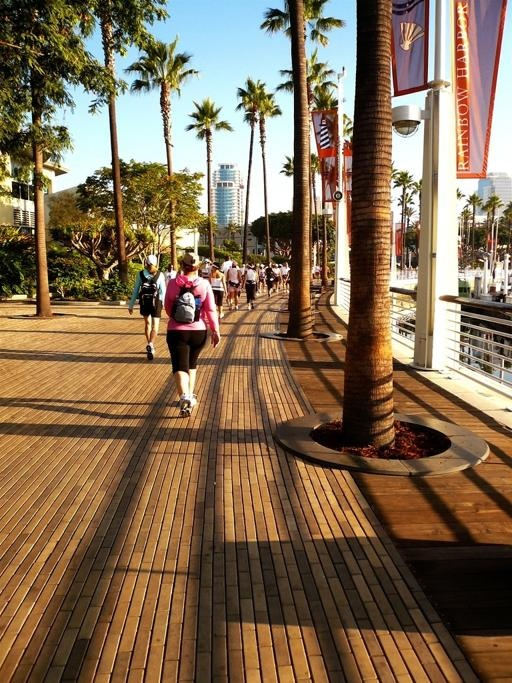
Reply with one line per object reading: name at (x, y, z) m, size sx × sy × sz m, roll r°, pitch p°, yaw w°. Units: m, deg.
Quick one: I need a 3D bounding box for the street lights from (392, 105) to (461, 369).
street lights at (3.193, -1.844, 8.609) m, size 0.689 × 4.736 × 0.787 m, roll 0°, pitch 4°, yaw 18°

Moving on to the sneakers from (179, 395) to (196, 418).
sneakers at (-0.857, 0.793, 6.161) m, size 0.174 × 0.311 × 0.294 m, roll 2°, pitch 8°, yaw -13°

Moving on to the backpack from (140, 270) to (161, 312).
backpack at (-2.178, -1.052, 10.145) m, size 0.522 × 0.843 × 0.486 m, roll -2°, pitch 14°, yaw -21°

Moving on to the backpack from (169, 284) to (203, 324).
backpack at (-0.874, -0.445, 5.986) m, size 0.352 × 0.471 × 0.186 m, roll -1°, pitch 4°, yaw -12°

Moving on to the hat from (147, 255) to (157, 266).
hat at (-2.071, -1.601, 9.604) m, size 0.203 × 0.221 × 0.216 m, roll 6°, pitch -6°, yaw 3°
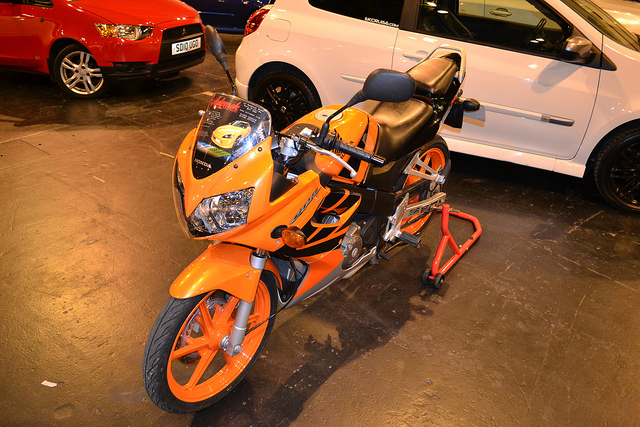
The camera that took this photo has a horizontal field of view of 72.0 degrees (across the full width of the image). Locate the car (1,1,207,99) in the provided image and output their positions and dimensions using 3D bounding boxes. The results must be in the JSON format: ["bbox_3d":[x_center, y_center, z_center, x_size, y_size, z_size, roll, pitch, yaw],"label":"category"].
[{"bbox_3d":[-3.074,-2.302,6.121,2.585,1.254,1.684,6,24,20],"label":"car"}]
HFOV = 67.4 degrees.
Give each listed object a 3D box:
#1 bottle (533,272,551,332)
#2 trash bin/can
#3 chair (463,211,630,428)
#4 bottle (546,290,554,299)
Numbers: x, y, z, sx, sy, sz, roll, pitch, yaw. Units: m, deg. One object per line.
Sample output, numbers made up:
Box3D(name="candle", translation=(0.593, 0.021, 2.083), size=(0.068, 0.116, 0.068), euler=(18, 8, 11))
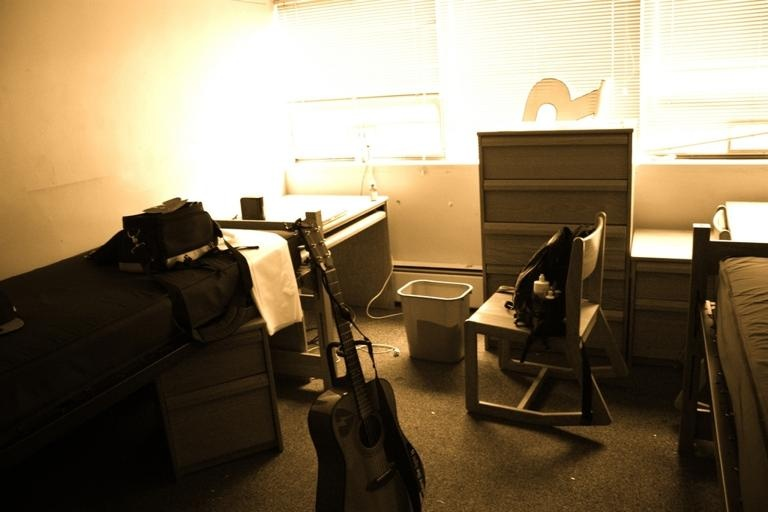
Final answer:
Box3D(name="bottle", translation=(0.884, 0.254, 3.240), size=(0.094, 0.281, 0.148), euler=(3, 17, 15))
Box3D(name="trash bin/can", translation=(0.413, 0.361, 4.117), size=(0.683, 0.562, 0.512), euler=(0, 5, 20))
Box3D(name="chair", translation=(1.067, 0.224, 3.932), size=(1.259, 1.638, 1.059), euler=(7, 19, 22))
Box3D(name="bottle", translation=(0.927, 0.218, 3.217), size=(0.046, 0.035, 0.048), euler=(-1, 16, 0))
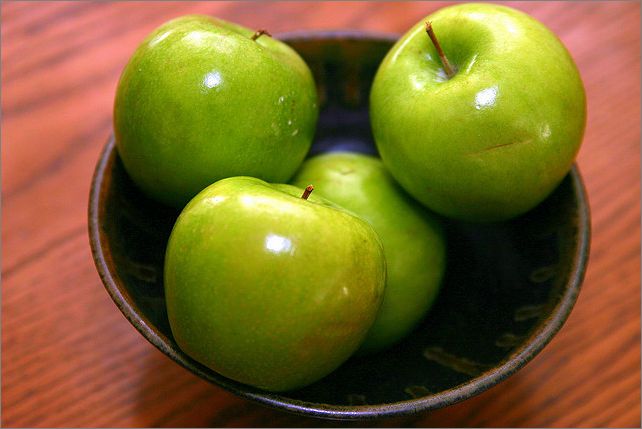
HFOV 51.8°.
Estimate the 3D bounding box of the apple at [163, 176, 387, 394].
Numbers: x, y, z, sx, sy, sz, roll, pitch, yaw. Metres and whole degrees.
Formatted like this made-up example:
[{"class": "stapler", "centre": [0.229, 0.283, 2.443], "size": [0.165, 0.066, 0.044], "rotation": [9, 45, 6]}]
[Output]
[{"class": "apple", "centre": [-0.065, 0.091, 0.831], "size": [0.270, 0.145, 0.236], "rotation": [21, 63, 10]}]
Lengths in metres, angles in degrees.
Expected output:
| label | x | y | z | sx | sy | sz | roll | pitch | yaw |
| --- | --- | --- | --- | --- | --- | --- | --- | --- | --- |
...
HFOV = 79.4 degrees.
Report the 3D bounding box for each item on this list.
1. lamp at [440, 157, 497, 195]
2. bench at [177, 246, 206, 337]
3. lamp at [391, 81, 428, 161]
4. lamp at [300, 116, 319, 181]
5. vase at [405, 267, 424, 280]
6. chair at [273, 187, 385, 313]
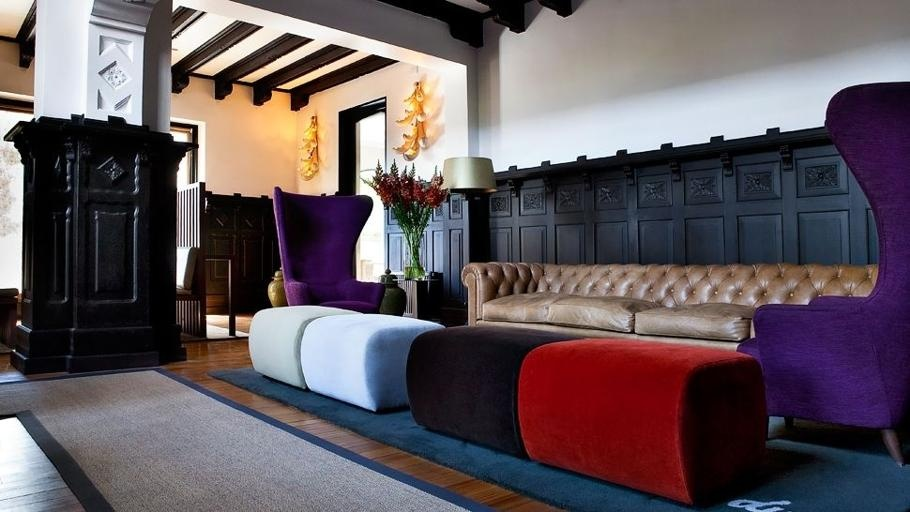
| label | x | y | z | sx | sy | sz | roll | pitch | yaw |
| --- | --- | --- | --- | --- | --- | --- | --- | --- | --- |
| lamp | 0.160 | -0.970 | 6.496 | 0.514 | 0.236 | 0.495 | -2 | -5 | 29 |
| bench | -3.168 | 0.456 | 6.592 | 0.461 | 1.014 | 1.153 | 1 | -3 | -32 |
| lamp | -0.637 | -2.102 | 8.449 | 0.291 | 1.244 | 0.623 | -9 | 13 | -44 |
| lamp | -2.700 | -2.020 | 10.197 | 0.630 | 1.202 | 0.262 | 9 | 13 | 43 |
| vase | -0.520 | 0.230 | 7.035 | 0.186 | 0.102 | 0.179 | 0 | -1 | 30 |
| chair | -1.229 | -0.088 | 5.329 | 0.974 | 1.153 | 1.051 | 0 | 9 | -2 |
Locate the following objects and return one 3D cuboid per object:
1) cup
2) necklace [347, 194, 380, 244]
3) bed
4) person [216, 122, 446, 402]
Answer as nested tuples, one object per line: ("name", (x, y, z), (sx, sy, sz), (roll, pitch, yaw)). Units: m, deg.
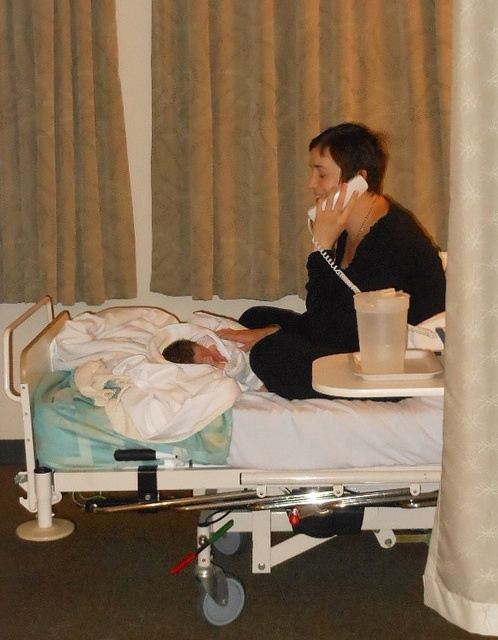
("cup", (0.338, 0.027, 1.725), (0.164, 0.239, 0.164), (-2, 4, 0))
("necklace", (0.328, -0.289, 2.158), (0.024, 0.156, 0.029), (21, 8, -32))
("bed", (-0.120, 0.235, 2.029), (1.040, 0.301, 0.685), (3, 26, 1))
("person", (0.203, -0.214, 2.463), (0.791, 0.853, 0.661), (1, 6, 1))
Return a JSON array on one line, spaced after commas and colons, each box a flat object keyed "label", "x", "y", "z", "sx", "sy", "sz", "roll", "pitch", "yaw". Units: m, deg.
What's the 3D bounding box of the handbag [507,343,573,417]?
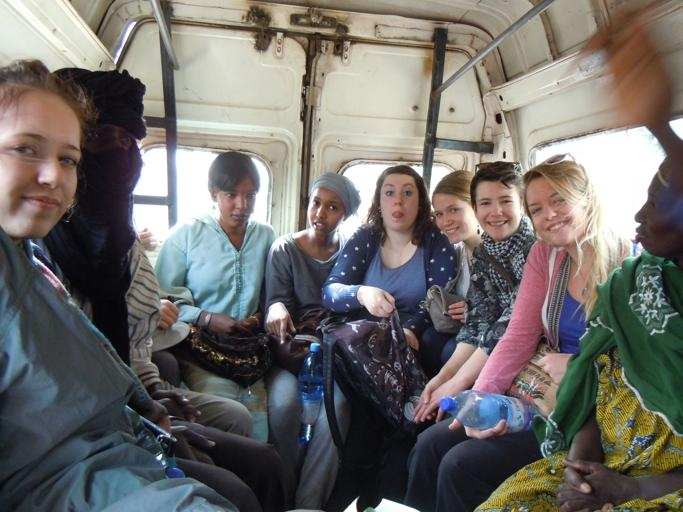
[{"label": "handbag", "x": 0.860, "y": 0.581, "z": 2.182, "sx": 0.259, "sy": 0.086, "sz": 0.288, "roll": 14, "pitch": 28, "yaw": 14}]

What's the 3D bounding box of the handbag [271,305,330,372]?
[{"label": "handbag", "x": -0.297, "y": 0.556, "z": 3.070, "sx": 0.142, "sy": 0.354, "sz": 0.391, "roll": 3, "pitch": 36, "yaw": 20}]

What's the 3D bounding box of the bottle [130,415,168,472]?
[{"label": "bottle", "x": -0.654, "y": 0.636, "z": 1.599, "sx": 0.050, "sy": 0.239, "sz": 0.131, "roll": -21, "pitch": 43, "yaw": -4}]

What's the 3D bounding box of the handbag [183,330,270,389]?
[{"label": "handbag", "x": -0.677, "y": 0.596, "z": 2.909, "sx": 0.411, "sy": 0.180, "sz": 0.319, "roll": 28, "pitch": 54, "yaw": -7}]

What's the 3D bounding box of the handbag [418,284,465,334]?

..............................

§ **Prompt**: Wherever the string "made" appears in the listing above, show the whole line.

§ **Expected answer**:
Sample output, numbers made up:
Formatted like this made-up example:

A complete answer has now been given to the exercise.